I’ve seen Bull Durham (1988) many times, so the movie is quite familiar to me. A movie that is well-known can still provide something new.

Crash and Nuke

Without looking at the TV, I followed the movie perfectly. Having watched this so many times, the images were stored in my brain, and were easily dialed-up as a new scene started. Of course, I recalled the comedic elements, even those that were more visible than spoken. A familiar movie like this one is probably unfair to use as an experiment, but I quickly found that I began focusing on aspects other than the words or story points, because I knew them already.

Music, not just popular songs, is important in Ron Shelton films. He uses recognizable songs in key places. From “Rock Around the Clock” and “Centerfield,” to more character-specific like Edith Pilat’s “La Vie en Rose” and George Thorogood’s “Born to Be Bad,” popular songs convey both mood and something about the characters in the scene. Incidental music by Michael Convertino is incredibly effective as well. “Love” is used to emotionally link a montage toward the end of the film. It conveys loneliness, disappointment and melancholy as Crash Davis finishes his baseball career without fanfare, Annie goes about her emptier life without with Crash or Nuke as summer gives way to the rainy and melancholy fall season. “Love” is one of the best pieces of instrumental music I’ve ever heard in a movie.

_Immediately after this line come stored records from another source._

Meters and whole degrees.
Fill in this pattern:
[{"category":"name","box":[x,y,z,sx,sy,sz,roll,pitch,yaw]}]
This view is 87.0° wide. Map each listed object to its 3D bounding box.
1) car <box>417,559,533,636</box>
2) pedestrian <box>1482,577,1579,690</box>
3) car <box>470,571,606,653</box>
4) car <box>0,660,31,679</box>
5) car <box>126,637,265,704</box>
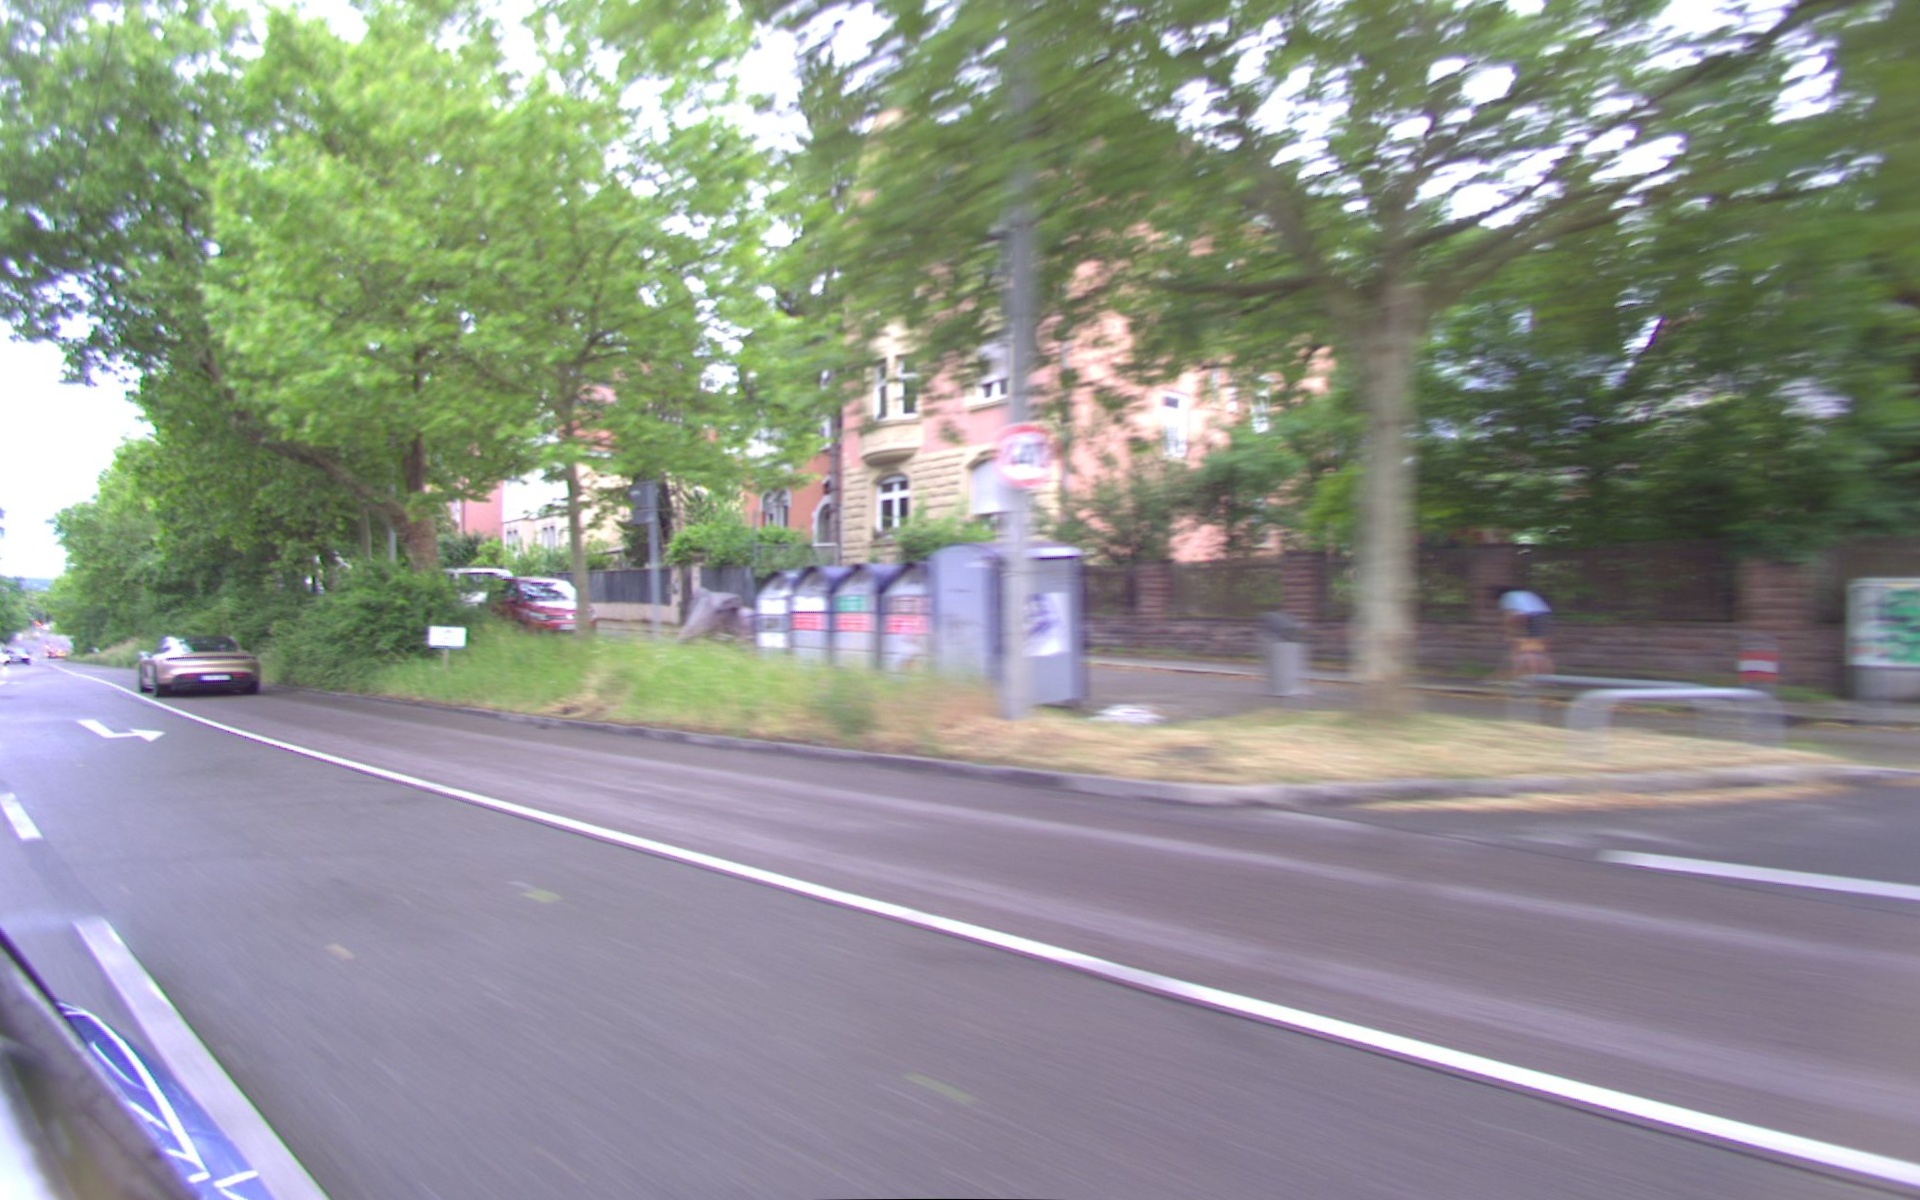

What I also enjoyed, just listening, was the dialogue in the film. Not the words as much as the rhythms and nuances of how the words are spoken. Shelton is an excellent writer of offbeat characters and in his films there is a great deal of verbal conflict. Characters enter scenes from different angles, their emotions and motivations have conflicting purposes. It is from this conflict that we get to know the characters and the energy drives the story forward. It’s like billiard balls colliding. Smart, crackling dialogue is always interesting.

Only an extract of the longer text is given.